### Entries shown
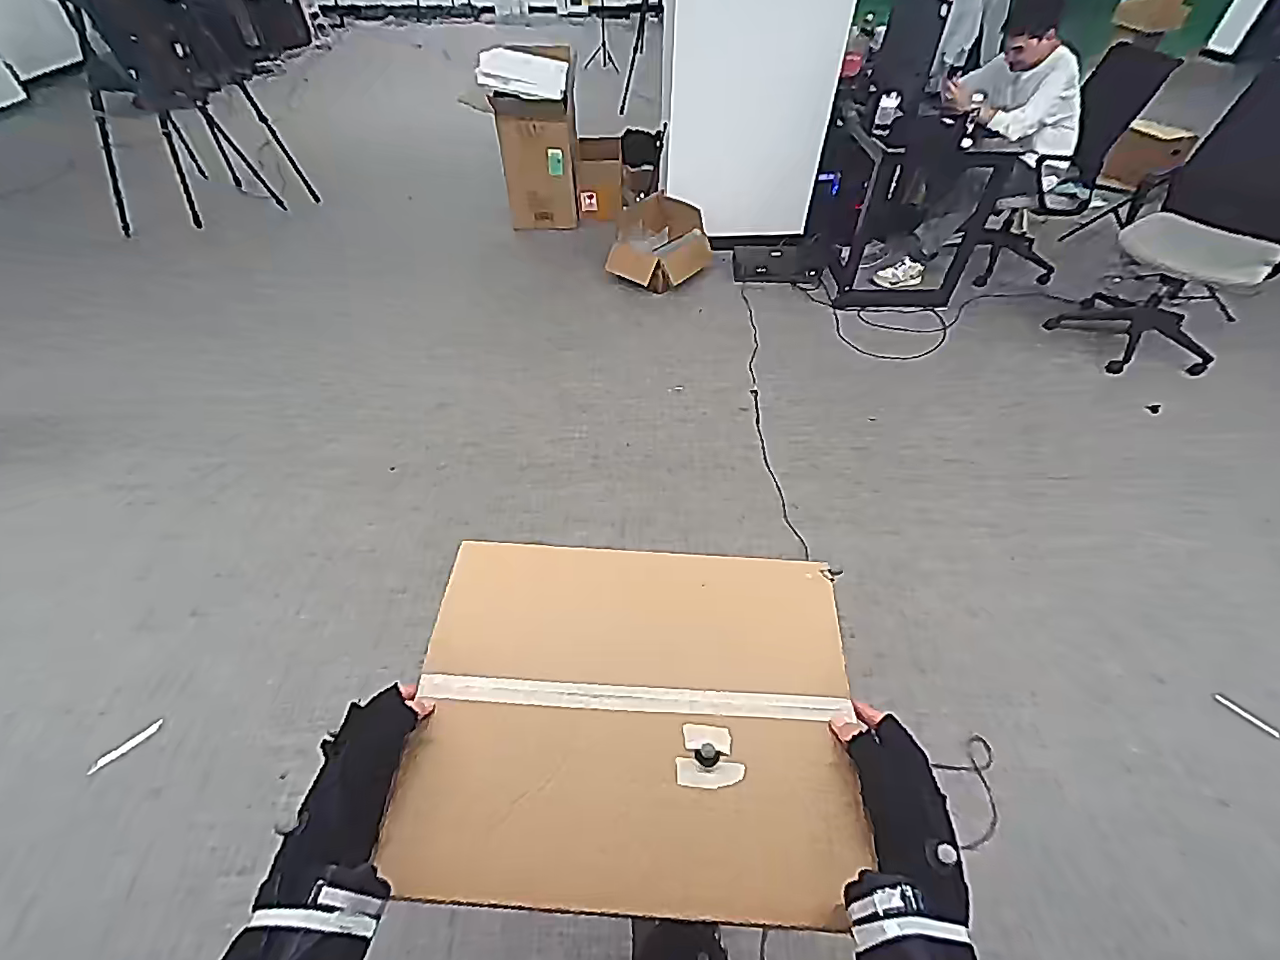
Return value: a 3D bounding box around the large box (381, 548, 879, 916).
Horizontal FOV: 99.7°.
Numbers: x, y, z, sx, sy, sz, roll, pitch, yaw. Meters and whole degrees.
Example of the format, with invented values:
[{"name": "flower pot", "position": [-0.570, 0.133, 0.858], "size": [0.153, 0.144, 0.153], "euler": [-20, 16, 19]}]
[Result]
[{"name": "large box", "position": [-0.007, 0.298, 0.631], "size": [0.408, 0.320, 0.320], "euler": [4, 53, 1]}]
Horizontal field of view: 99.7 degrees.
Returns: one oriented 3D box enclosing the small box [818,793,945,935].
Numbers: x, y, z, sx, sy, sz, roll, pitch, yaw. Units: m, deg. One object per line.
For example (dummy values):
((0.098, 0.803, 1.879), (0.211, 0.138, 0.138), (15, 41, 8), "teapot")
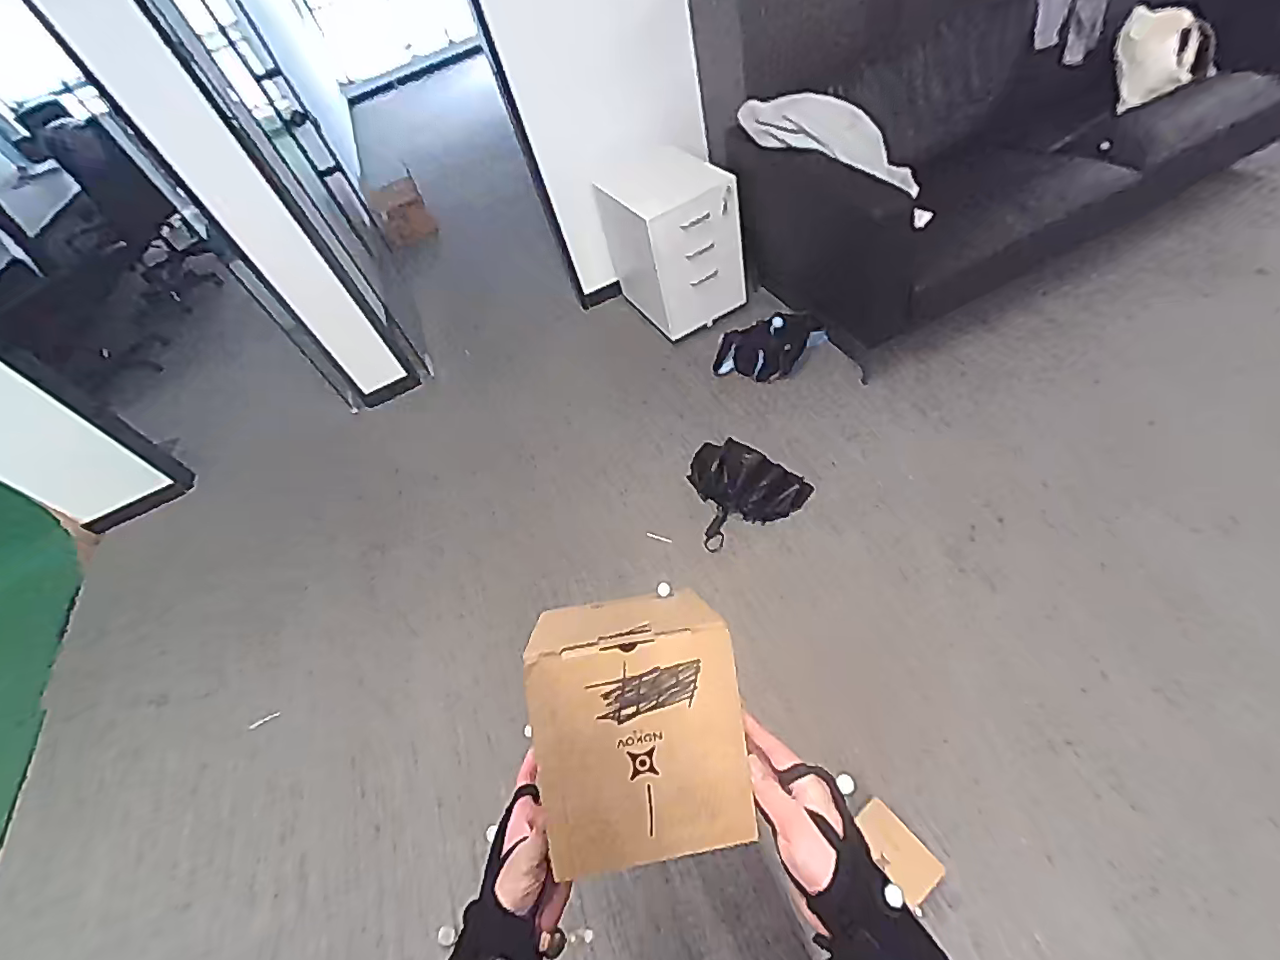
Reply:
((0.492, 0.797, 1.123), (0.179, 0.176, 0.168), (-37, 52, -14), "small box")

### Instructions for the task
Give the data again word for word, without pictures.

### Finished task
Return value: a 3D bounding box around the large box (381, 548, 879, 916).
Horizontal FOV: 99.7°.
Numbers: x, y, z, sx, sy, sz, roll, pitch, yaw. Meters and whole degrees.
Example of the format, with invented values:
[{"name": "flower pot", "position": [-0.570, 0.133, 0.858], "size": [0.153, 0.144, 0.153], "euler": [-20, 16, 19]}]
[Result]
[{"name": "large box", "position": [-0.007, 0.298, 0.631], "size": [0.408, 0.320, 0.320], "euler": [4, 53, 1]}]
Horizontal field of view: 99.7 degrees.
Returns: one oriented 3D box enclosing the small box [818,793,945,935].
Numbers: x, y, z, sx, sy, sz, roll, pitch, yaw. Units: m, deg. One object per line.
For example (dummy values):
((0.098, 0.803, 1.879), (0.211, 0.138, 0.138), (15, 41, 8), "teapot")
Reply:
((0.492, 0.797, 1.123), (0.179, 0.176, 0.168), (-37, 52, -14), "small box")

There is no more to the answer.